BRODIE: Is there something special do you think about specifically folk tales, folk songs like that, that can help maybe bring people together or help people understand who they are and where they came from?
ST. ARMANT: 100%. That's been super true for me. I didn't realize how connected I could feel to my ancestors, people who I never met, because through their tales and this preservation of culture, I've learned that we had way more in common than I imagined. They also just became more real to me, like real people because they talk about relationships and being angry at your child and you know, things like that. And I thought I never thought about, I never thought about my ancestors in that way. Me personally, having an experience of being a person whose ancestors were enslaved, I felt a lot of shame, a lot of sadness around thinking about their lives.
And now I have a new perspective that I can say, yes, there were some very traumatic things that have happened to them, but they also experienced joy and the complication of best friends and like all these sorts of things that we experience now. And I, yes, definitely think that once we start talking, talking about that more often, and we look to these very honest preservations of culture, more honest than history books. We come to find that we are more alike our ancestors than we realize and our cultures are more alike than we realize.
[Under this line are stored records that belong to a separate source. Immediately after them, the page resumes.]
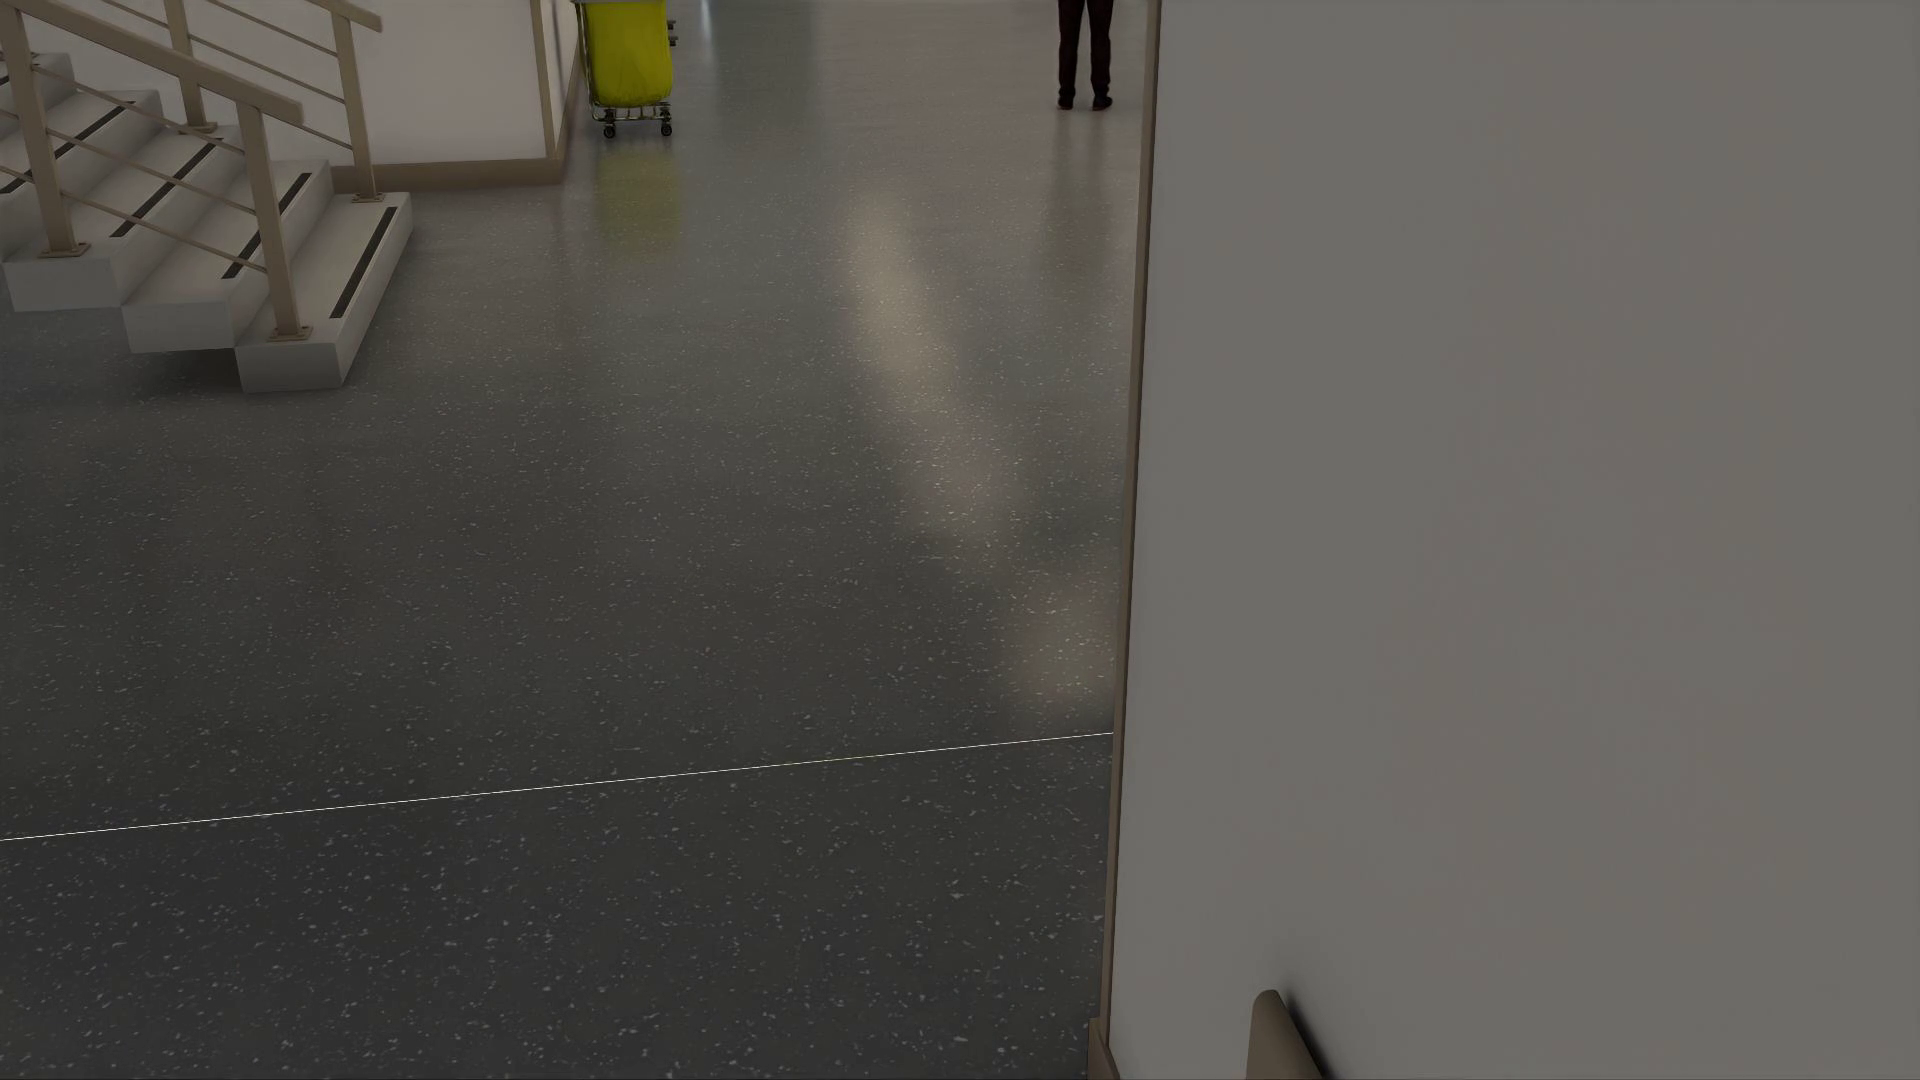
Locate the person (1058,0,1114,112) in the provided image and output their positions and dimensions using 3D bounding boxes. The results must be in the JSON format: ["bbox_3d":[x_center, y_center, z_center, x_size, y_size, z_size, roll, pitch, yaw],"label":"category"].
[{"bbox_3d":[0.908,-4.051,11.947,0.624,1.863,0.811,3,26,6],"label":"person"}]
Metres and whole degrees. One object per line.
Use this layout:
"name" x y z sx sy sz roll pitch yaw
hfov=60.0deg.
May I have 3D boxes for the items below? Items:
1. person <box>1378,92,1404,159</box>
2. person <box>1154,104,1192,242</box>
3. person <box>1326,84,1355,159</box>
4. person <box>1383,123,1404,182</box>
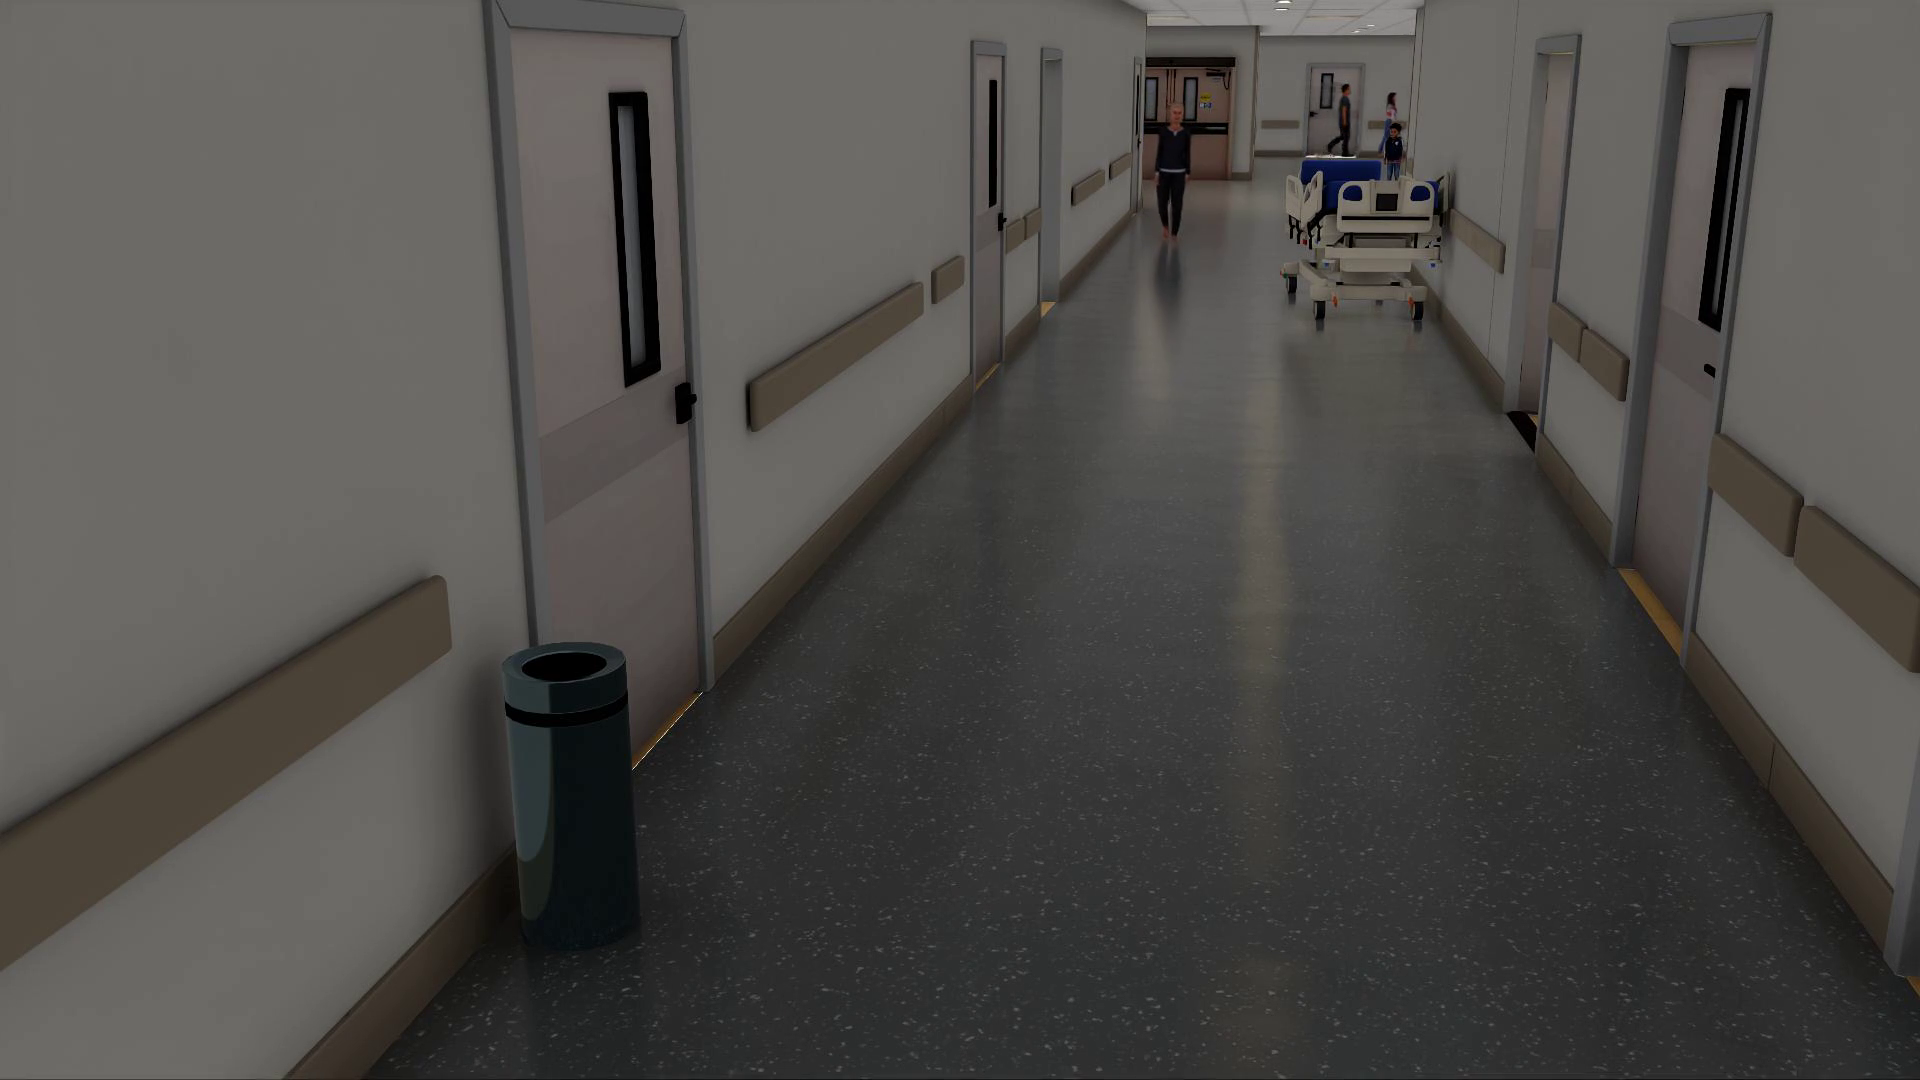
"person" 10.688 -10.376 41.674 0.843 1.588 0.635 4 16 13
"person" 2.714 -4.721 21.419 0.972 1.696 0.650 3 16 10
"person" 9.589 -10.535 41.862 0.909 1.792 0.655 3 16 10
"person" 7.857 -6.919 30.086 0.528 1.222 0.635 11 19 33
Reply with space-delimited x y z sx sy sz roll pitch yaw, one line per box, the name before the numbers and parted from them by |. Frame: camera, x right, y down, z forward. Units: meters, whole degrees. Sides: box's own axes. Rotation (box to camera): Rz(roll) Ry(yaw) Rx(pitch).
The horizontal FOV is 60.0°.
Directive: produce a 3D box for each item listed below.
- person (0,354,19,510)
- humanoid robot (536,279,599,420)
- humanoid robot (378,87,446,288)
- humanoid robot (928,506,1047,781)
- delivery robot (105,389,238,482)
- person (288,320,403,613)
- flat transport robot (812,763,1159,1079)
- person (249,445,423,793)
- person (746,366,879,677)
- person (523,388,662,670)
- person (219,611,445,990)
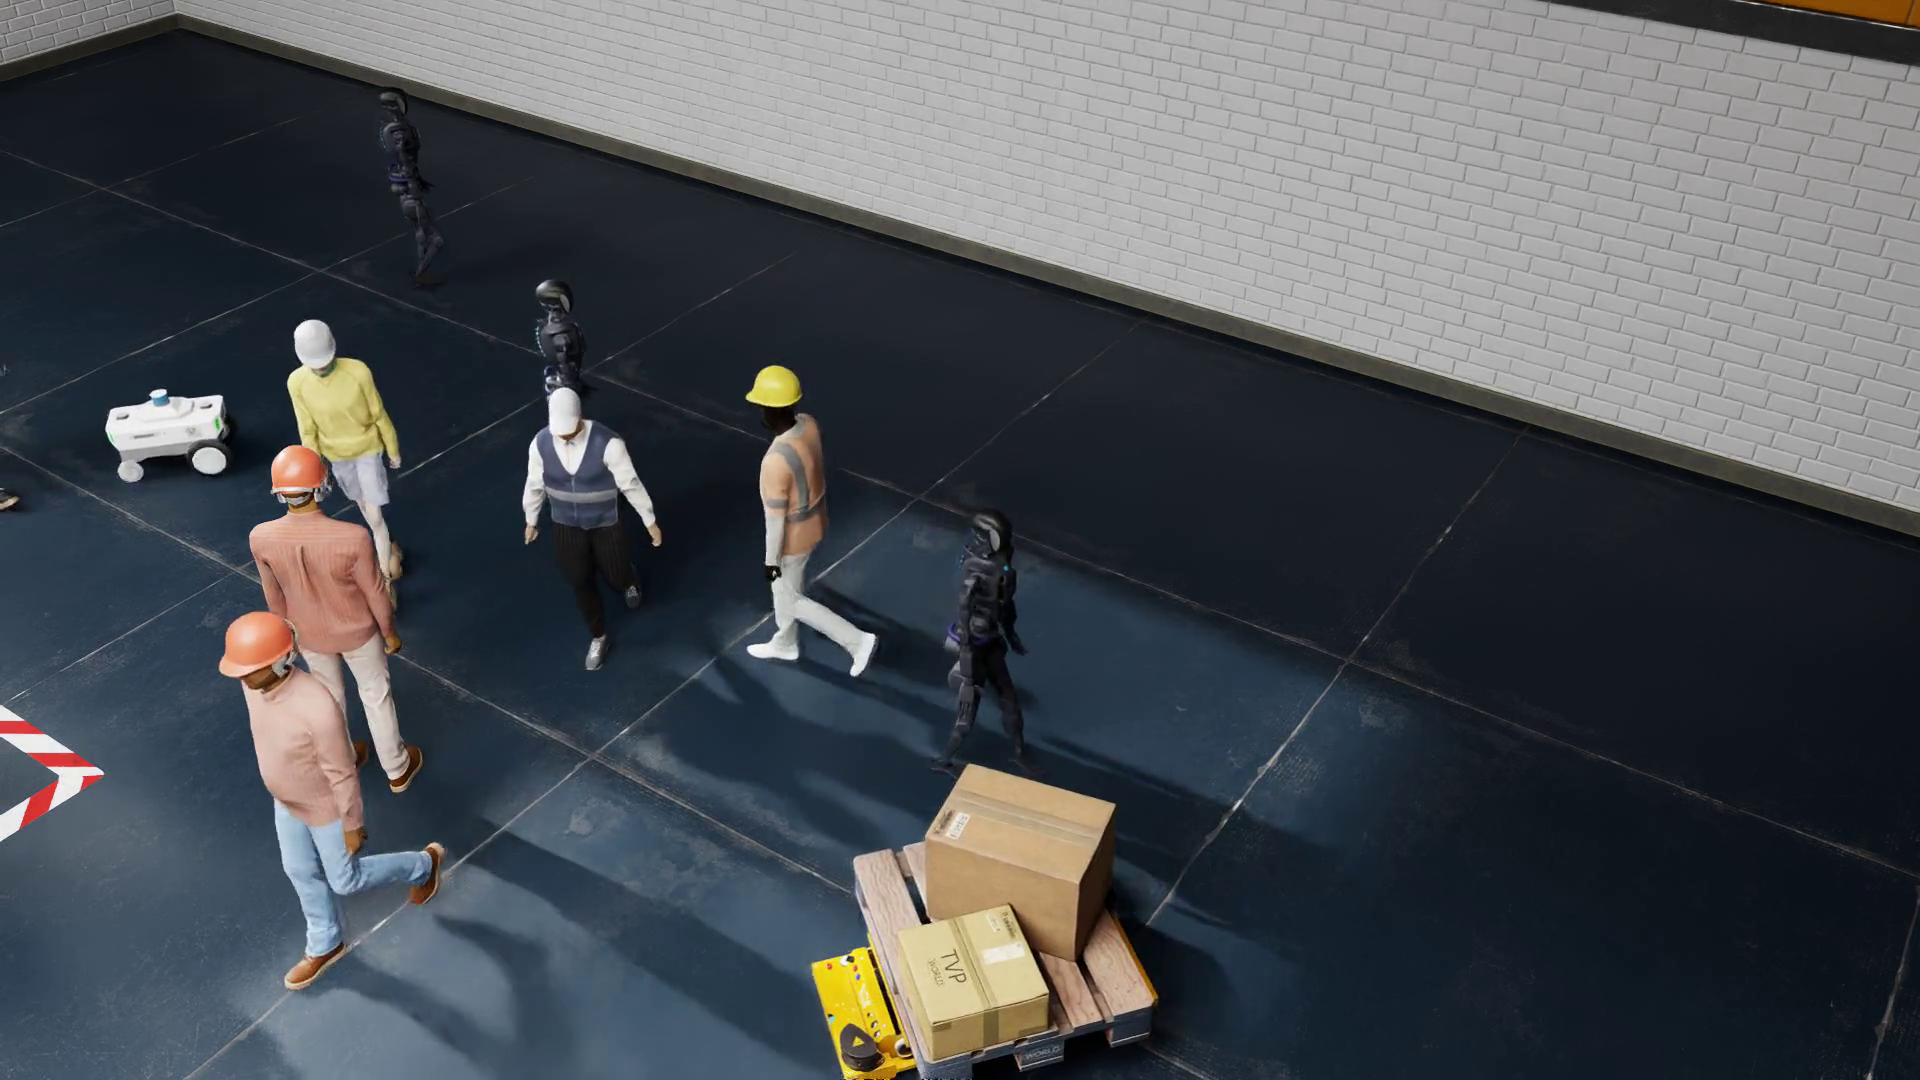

And I think that's a really great opportunity for us to get to know each other and to be more respectful of each other as a community.
BRODIE: I would think those connections would be super important.
ST. ARMANT: Yeah, it's been really, I feel more grounded now, especially because, because, you know, again, as a Black person in America, our last names and our culture and our, you know, music and all these sorts of things were tried to be stripped away from us, but these are the parts that we know survived. And so I feel more grounded and connected to my roots and that helps me feel like I'm stronger human being.